The WINCS provided reliable, high-fidelity measurements of adenosine efflux. Peak oxidative currents appeared at +1.5 V and at +1.0 V for adenosine, separate from the peak oxidative current at +0.6 V for dopamine. The WINCS detected subsecond adenosine and dopamine efflux in the caudate putamen at an implanted CFM during high-frequency stimulation of the ventral tegmental area and substantia nigra. Both in vitro and in vivo testing demonstrated that WINCS can detect adenosine in the presence of other easily oxidizable neurochemicals such as dopamine comparable to the detection abilities of a conventional hardwired electrochemical system for FSCV.

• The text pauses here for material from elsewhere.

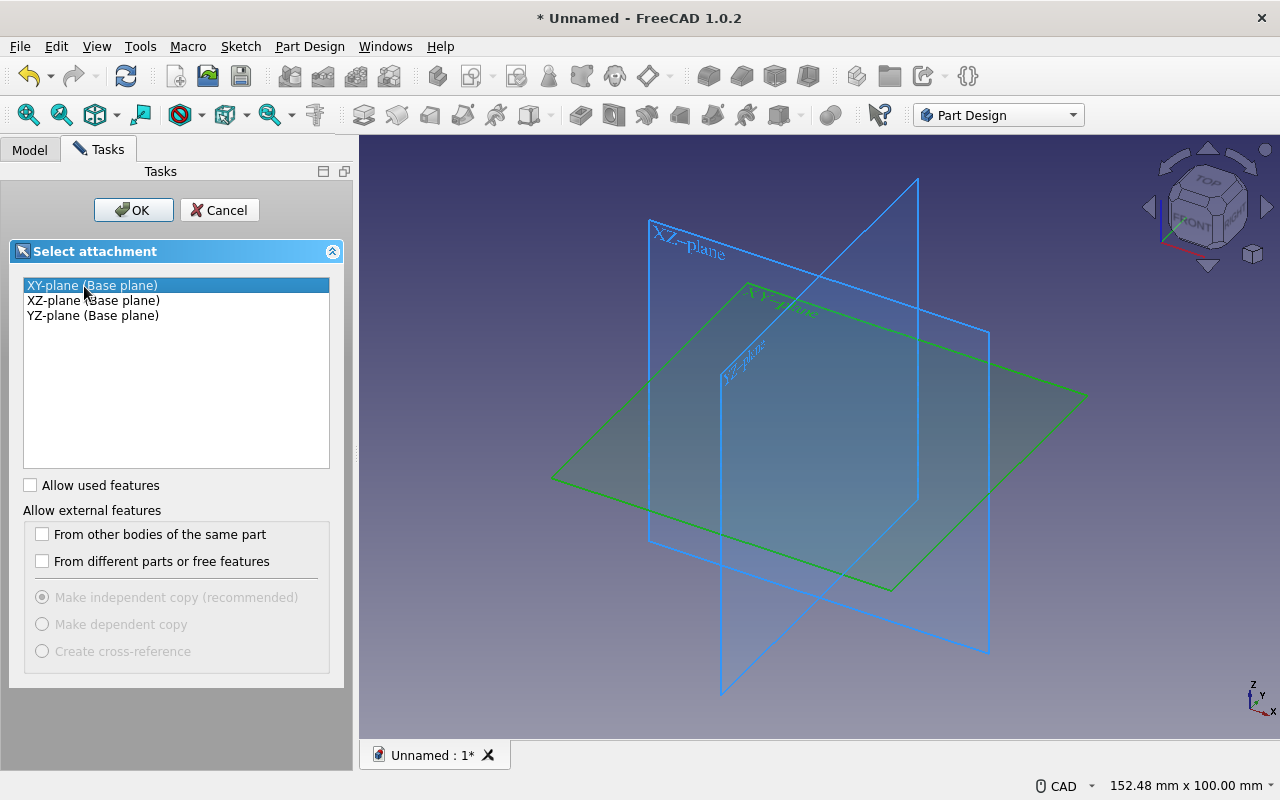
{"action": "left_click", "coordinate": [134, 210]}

Altogether, these results demonstrate that WINCS is well suited for wireless monitoring of high-frequency stimulation-evoked changes in brain extracellular concentrations of adenosine. Clinical applications of selective adenosine measurements may prove important to the future development of DBS technology.
先前研究的作者已经证明,局部腺苷外排可能有助于丘脑深部脑刺激(DBS)治疗特发性震颤的作用机制。通过实时监测 DBS 靶向区域的神经化学输出,可能会通过识别参与 DBS 生理效应的候选神经递质和神经调质来推进功能性神经外科手术。这反过来又允许开发一种在体内化学引导 DBS 电极放置的方法。根据 FDA 认可的医疗电子设备安全标准设计,作者报告了无线即时神经递质浓度系统(WINCS)用于实时监测体内电刺激诱发的腺苷和多巴胺外排的效用,利用基于聚丙烯腈(T-650)碳纤维微电极(CFM)的快速扫描循环伏安法(FSCV)。
WINCS 用于 FSCV,它由在 400 V/秒的速率下在-0.4 至+1.5 V 之间扫描的三角波组成,并以 10 Hz 的频率施加。施加到 CFM 的所有电压均相对于 Ag/AgCl 参考电极。CFM 通过将单个 T-650 碳纤维(r=2.5 微米)吸入玻璃毛细管中并用移液管拉拔器拉成微尖端来构建。暴露的碳纤维(传感区)延伸超出玻璃绝缘约 50 微米。原理验证测试包括在体外测量腺苷和多巴胺,以及通过监测腹侧被盖区和黑质高频电刺激诱发的背侧尾状核壳中的腺苷和多巴胺外排,在麻醉的尿烷大鼠体内进行测量。
WINCS 提供了可靠的、高保真的腺苷外排测量。氧化峰电流出现在+1.5 V 和+1.0 V 处,用于腺苷,与多巴胺在+0.6 V 处的氧化峰电流分开。WINCS 在高频刺激腹侧被盖区和黑质时,在植入的 CFM 中检测到尾状核壳中的亚秒级腺苷和多巴胺外排。体外和体内测试均表明,WINCS 可以在存在其他易于氧化的神经化学物质(如多巴胺)的情况下检测到腺苷,与用于 FSCV 的常规硬连线电化学系统的检测能力相当。
总之,这些结果表明,WINCS 非常适合无线监测高频刺激诱发的脑细胞外腺苷浓度变化。选择性腺苷测量的临床应用可能对 DBS 技术的未来发展很重要。